Overall, there is a lack of available, appropriate and peer-reviewed evaluation methods and of evidence of the added value of COs, which is holding back the uptake and adoption of COs by policymakers and practitioners. In this paper, we take a different approach to previous studies by using a more conventional cost–benefit analysis framework to assess the implementation of a CO on flood risk management in the Brenta-Bacchiglione catchment in northern Italy. The purpose of a cost–benefit analysis is to compare the effectiveness of different alternative actions, which can be public policies, projects or regulations that can be used to solve a specific problem. We treat the CO in the same way as any other flood mitigation action for which a cost–benefit analysis would be undertaken in this catchment. Although the CO is still being implemented, the assumptions for the cost–benefit analysis are based on primary empirical evidence from a CO pilot that was undertaken by the WeSenseIt project in the town of Vicenza, Italy, described in more detail in Sect. 2.1 and now extended to the wider catchment (Sect. 2.2 and 2.3). In Sect. 3 we present the flood risk and cost–benefit methodology, followed by the results in Sect. 4. Conclusions, limitations of the methodology and case-specific insights are provided in Sect. 5.
2.1 The WeSenseIt project
Through the WeSenseIt research project (http://staffwww.dcs.shef.ac.uk/people/F.Ciravegna/wsi-site/wesenseit.eu/index.html, last access: 2 December 2020), funded by the Seventh Framework Programme (FP7-ENV-2012 no. 308429), a CO for flood risk management was developed with the Alto Adriatic Basin Authority in northern Italy. The objective of this CO was to collect citizen observations from the field and to obtain a broader and more rapid picture of developments before and during a flood event. The CO involved many stakeholders concerned with the management and use of the water resources and with water-related hazards in the Bacchiglione River basin. The main actors included the local municipalities, the regional and local civil protection agencies, environment agencies and the irrigation authorities. The Alto Adriatico Water Authority (AAWA) facilitated access to a highly trained group of citizen observers, namely civil protection volunteers, who undertook the observations (i.e. using staff gauges with a QR code to measure the water level and reporting water way obstructions; see Fig. 1) as part of their volunteer activities. Additional volunteers were also recruited during the project from the Italian Red Cross, the National Alpine Trooper Association, the Italian Army Police and other civil protection groups, with more than 200 volunteers taking part in the CO pilot. Training courses for the volunteers were organized to disseminate and explain the use of a smartphone application and an e-collaboration platform, which were developed as part of the WeSenseIt project. In addition to the low-cost sensing equipment, the CO also used data from physical sensors, which are operated by AAWA in collaboration with the Regional Department for Soil Protection, the Environmental Agency and the Civil Protection Agency including the following: three sonar sensors (river water level), four weather stations (wind velocity and direction, precipitation, air temperature and humidity) and five soil moisture sensors. The combined visualization of the sensors (including existing sensors from the Venice Environment Agency) is available on the online e-collaboration platform. During the WeSenseIt project, research into the value of crowdsourced data for hydrological modelling was investigated (Mazzoleni et al., 2017, 2018) and found to complement traditional sensor networks.

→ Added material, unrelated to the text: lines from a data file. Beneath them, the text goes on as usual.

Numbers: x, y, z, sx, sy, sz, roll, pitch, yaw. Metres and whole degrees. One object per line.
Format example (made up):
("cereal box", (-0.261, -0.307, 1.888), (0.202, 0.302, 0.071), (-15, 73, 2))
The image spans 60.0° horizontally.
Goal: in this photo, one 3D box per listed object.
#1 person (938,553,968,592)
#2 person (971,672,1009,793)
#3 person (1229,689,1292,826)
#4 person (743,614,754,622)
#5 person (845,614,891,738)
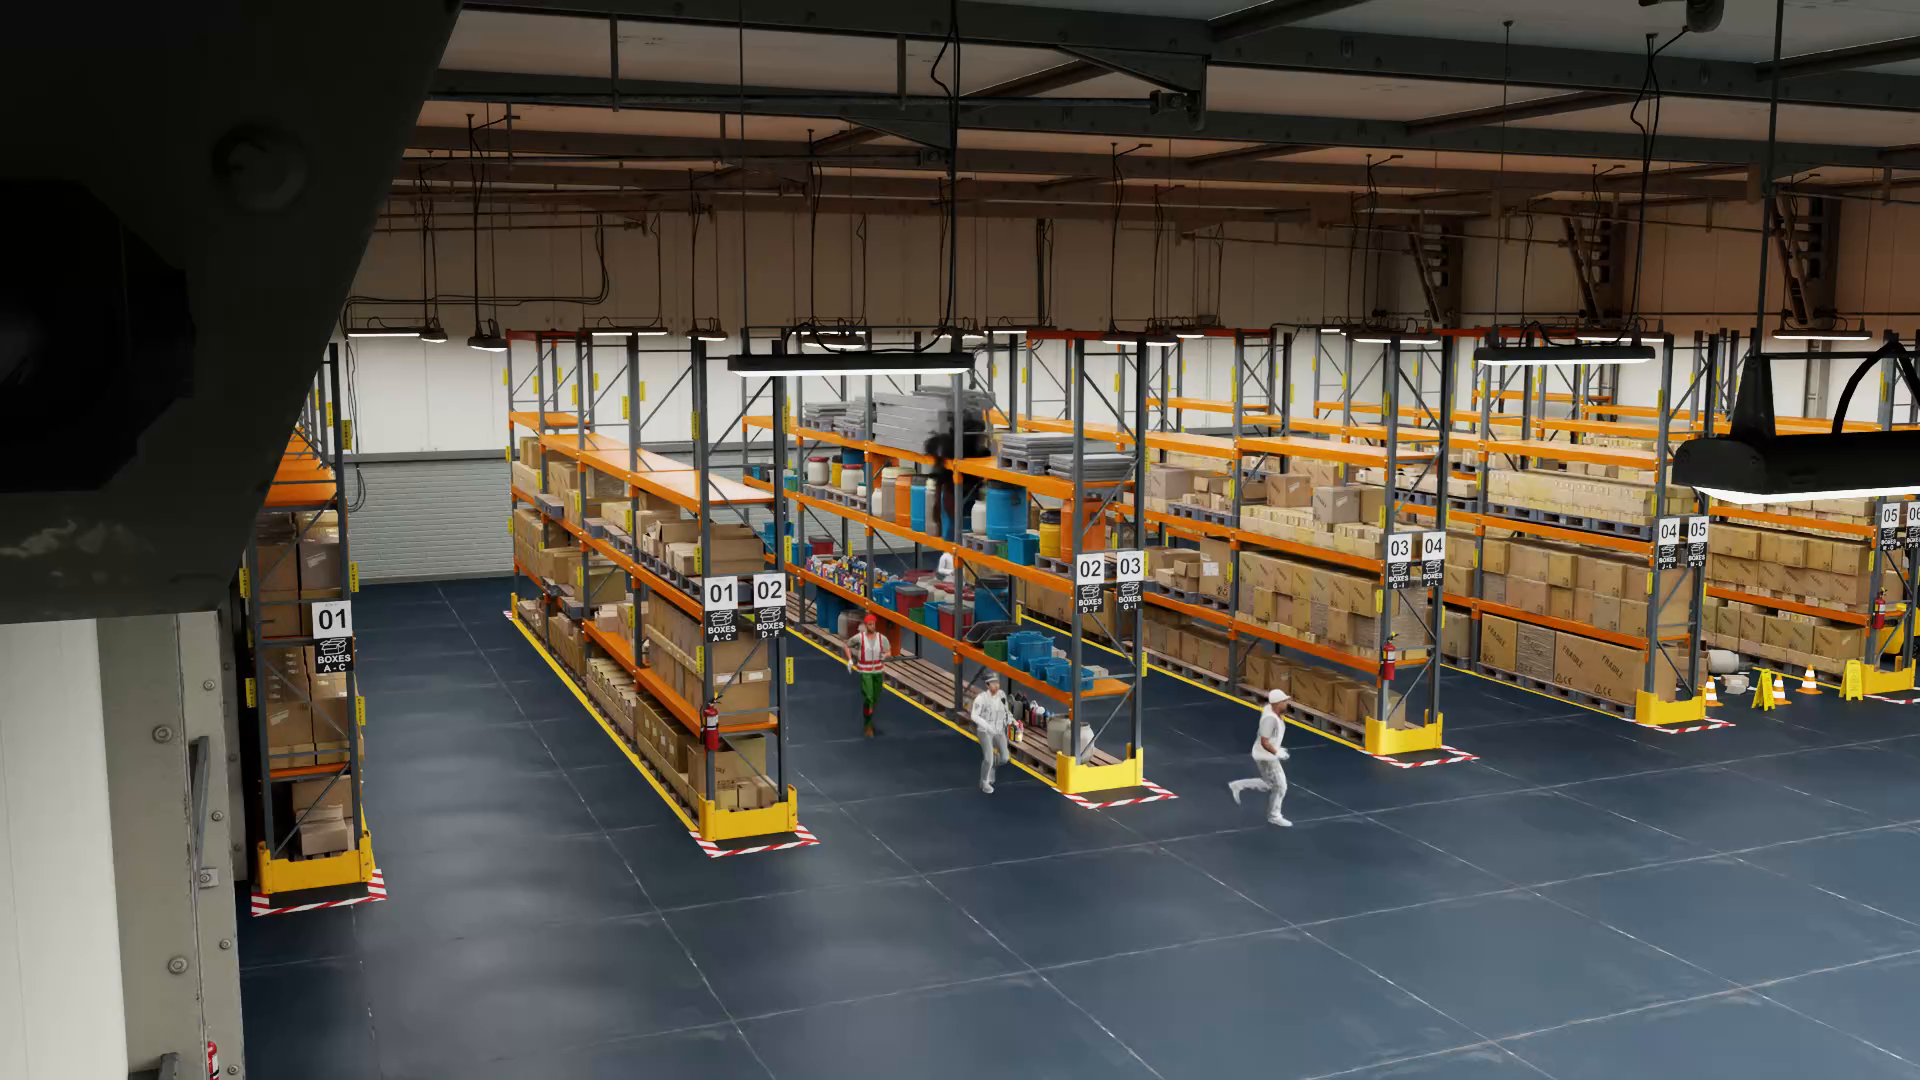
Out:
("person", (-0.083, 0.881, 33.698), (0.698, 1.735, 0.633), (-5, 9, -32))
("person", (0.446, 2.539, 21.999), (0.621, 1.649, 0.560), (-4, 9, -29))
("person", (3.744, 2.698, 20.642), (0.792, 1.750, 0.705), (1, 8, 8))
("person", (-3.657, 1.618, 28.300), (0.676, 1.814, 0.788), (-5, 9, -33))
("person", (-1.359, 2.030, 25.117), (0.650, 1.828, 0.772), (-3, 9, -24))

This pilot was later adopted by the European Community as a “good practice” example of the application of Directive 2007/60/EC. After the positive experience in WeSenseIt, funds were made available to develop a CO for flood risk management at the district scale, covering the larger Brenta-Bacchiglione catchment. At this stage, a cost–benefit analysis was undertaken, which is reported in this paper. The next section provides details of the Brenta-Bacchiglione catchment, followed by ongoing developments in the CO for flood risk management.
2.2 The Brenta-Bacchiglione catchment
The Brenta-Bacchiglione River catchment falls within the Trentino-Alto Adige and Veneto regions in northern Italy and includes the cities of Padua and Vicenza (Fig. 2). The catchment is surrounded by the Beric hills in the south and the Prealpi in the north-west. In this mountainous area, rapid or flash floods occur regularly and are difficult to predict. Rapid floods generally affect the towns of Torri di Quartesolo, Longare and Montegaldella, although there is also widespread flooding in the cities of Vicenza and Padua, which includes industrial areas and areas of cultural heritage. For example, in 2010, a major flood affected 130 communities and 20 000 individuals in the Veneto region. The city of Vicenza was one of the most affected municipalities, with 20 % of the metropolitan area flooded.
2.3 The citizen observatory for flood risk management for the Brenta-Bacchiglione catchment
The CO for flood risk management, which is currently being implemented, was included in the prevention measures of the Flood Risk Management Plan (PGRA) for the Brenta-Bacchiglione catchment. The purpose of the CO is to strengthen communication channels before and during flood events in accordance with the EU Flood Directive on Flood Risk Management, to increase the resilience of the local communities and to address residual risk. Building on the WeSenseIt experience, an IT platform to aid decision support during the emergency phases of a flood event is being implemented. This platform will integrate information from the hydrological model, which is equipped with a data assimilation module that integrates the crowdsourced data collected by citizens and trained experts into official sensor data. A mobile app for data collection based on the WeSenseIt project is under development. The platform and mobile technology will guarantee user traceability and facilitate two-way communication between the authorities, the citizens and the operators in the field, thereby significantly increasing the effectiveness of civil protection operations during all phases of an emergency. The fully operational CO will include 64 additional staff gauges equipped with a QR code (58 to measure water level and 6 for snow height), 12 sonar sensors and 8 weather stations.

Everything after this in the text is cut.